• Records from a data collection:
+ + + + + + +
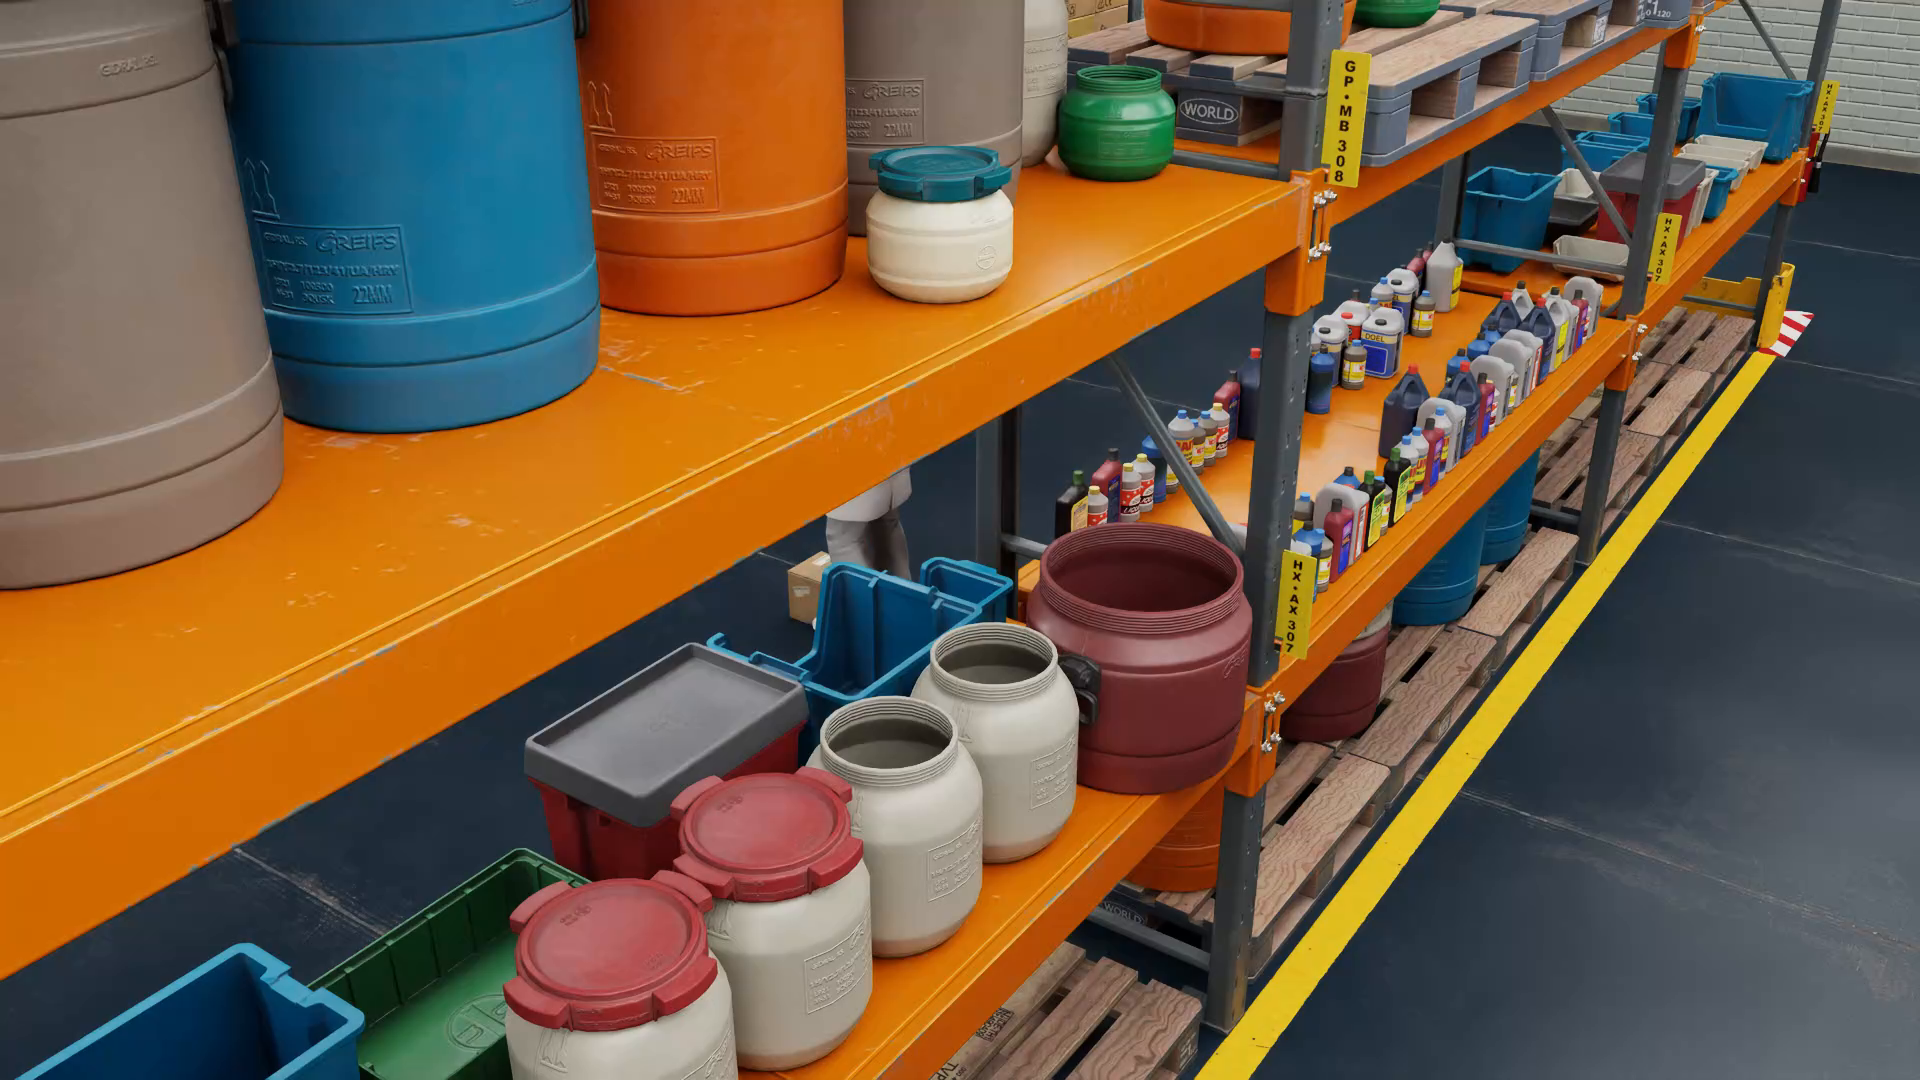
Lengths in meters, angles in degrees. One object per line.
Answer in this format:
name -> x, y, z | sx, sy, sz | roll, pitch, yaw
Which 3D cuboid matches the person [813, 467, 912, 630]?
person -> -0.436, -0.376, 7.384 | 0.424, 1.774, 0.653 | 15, 30, 28
+ + + + + + +
• AIM OF THE EXERCISE:
One exact copy of the data, no pictures: write it out line for line.

• EXERCISE SOLUTION:
Lengths in meters, angles in degrees. One object per line.
Answer in this format:
name -> x, y, z | sx, sy, sz | roll, pitch, yaw
Which 3D cuboid matches the person [813, 467, 912, 630]?
person -> -0.436, -0.376, 7.384 | 0.424, 1.774, 0.653 | 15, 30, 28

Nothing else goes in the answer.